Following is a letter that I wrote to my local newspaper. Readers are welcome to use any part of it that they wish to educate their community about the voter suppression in the United States:

“To the Editor:

“Seventy-one years ago, 92-year-old Rosanell Eaton was one of the first blacks in North Carolina to pass a literacy test allowing her to vote. In the year of her first vote, 1942, women in the United States had been able to vote for 22 years after the 19th Amendment to the Constitution became law on August 26, 1920—42 years after it was first proposed.

“Now, 93 years after women earned the vote, more females vote than men, but state voter-suppression laws are threatening women with loss of the vote by demanding photo ID at the polls. The argument for these draconian laws is voter fraud. Misrepresentation at the polls, however, has averaged one case each year for the past ten years. On the other hand, photo ID laws disenfranchise millions of voters.

“Eaton is one of those. Her name on her birth certificate differs from the name on her driver’s license and voter registration card, and taking care of this problem will require excessive time and money. For example, when 91-year-old Virginia Lasser went to the Tennessee department of motor vehicles to get a photo ID, she found a line of 100 people in front of her, no place for her to sit, and no help from state workers even after she asked. Lasater has voted and worked on campaigns for 70 years.

“Dorothy Cooper, 96, took a number of documents, including her birth certificate, to get a photo ID, but the birth certificate had her maiden name. She was denied, despite the fact that she voted under the Jim Crow laws of the 20th century.

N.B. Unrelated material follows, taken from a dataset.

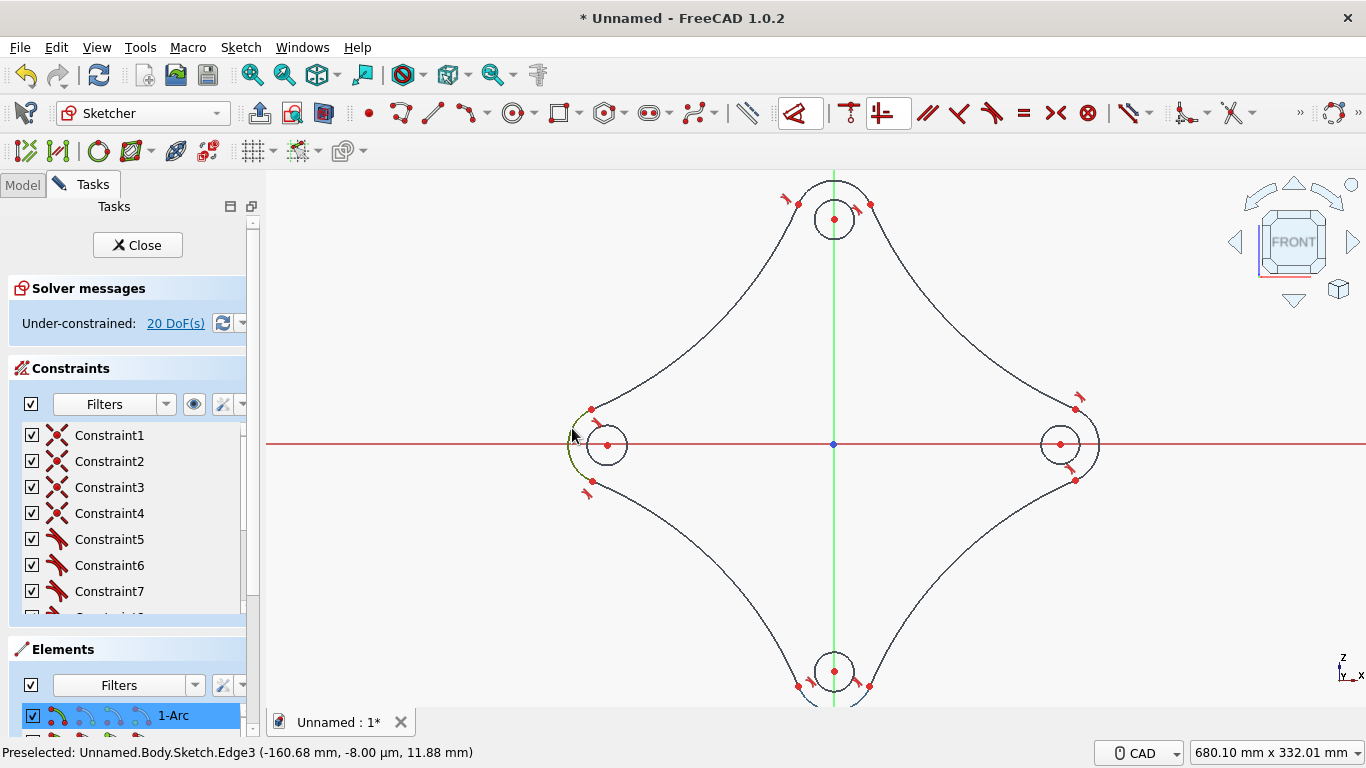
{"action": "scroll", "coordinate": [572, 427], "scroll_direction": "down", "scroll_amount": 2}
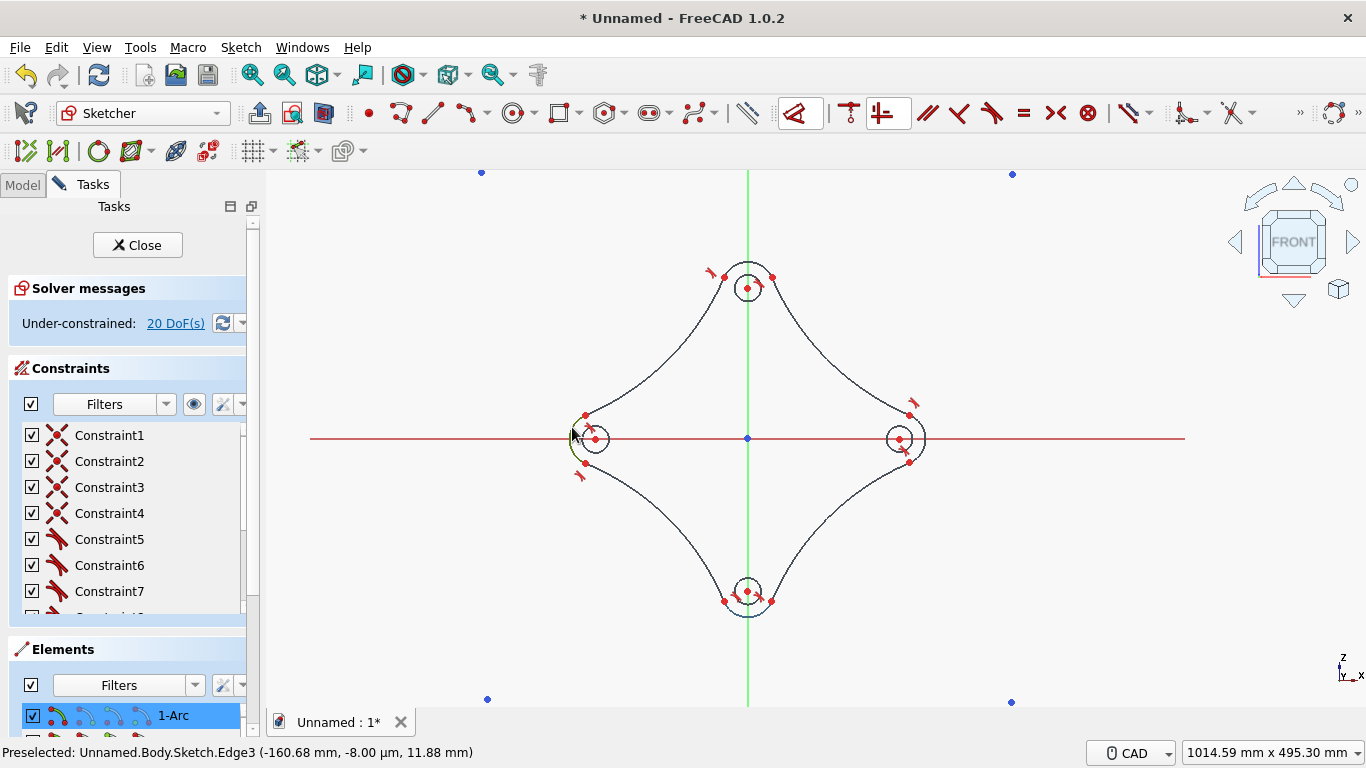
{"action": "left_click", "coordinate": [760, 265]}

“Viviette Applewhite, 93, marched with Martin Luther King, Jr. 50 years ago but can’t get a photo ID because her papers were stolen from her purse. She paid the fees to the state of Pennsylvania for a birth certificate but still wasn’t able to get it.

“Many elderly people don’t have birth certificates because they were born at home. Some states require a birth certificate to get a photo ID, but people cannot get a birth certificate without a photo ID. The certificates also cost between $7 and $30, a large amount of money for the very poor.

“The voter suppression laws don’t refer specifically to women, but that gender is affected in greater numbers than men. Most men have not changed their names since they were born and are more likely to have documents from their work and their military service. Women who worked as domestics are far less likely to have Social Security cards and drivers’ licenses than men.

“Only 66 percent of voting-age women with proof of citizenship have a document with their current legal names. Also 52 percent of women don’t have their legal names on their birth certificates. In some states, women are required to bring both their birth certificates and documents proving legal citizenship—twice as many documents as men have to bring to the polls in order to vote.

“At this time, over a dozen states have photo ID laws, and another 15 have pending legislation or laws that are being questioned in court. With the Supreme Court decision that states can make any restrictive laws that they wish, that situation may change. Currently, Oregon is the only state in the nation that requires vote by mail although occasionally politicians consider changing the law, using the argument that many other activities such as buying alcohol or flying require photo ID. We hope that they will remember that transportation and purchases are not guaranteed by the U.S. Constitution; voting is.

“If you are one of the people in the United States who think there is no problem in obtaining the necessary photo ID in states with these laws, you are a member of the elite. The women of the United States and of Oregon celebrate the 19th Amendment to the Constitution and Oregon’s voting laws that give us equality in the voting process.

You can commemorate Women’s Equality Day by spreading the word about voter suppression in the United States.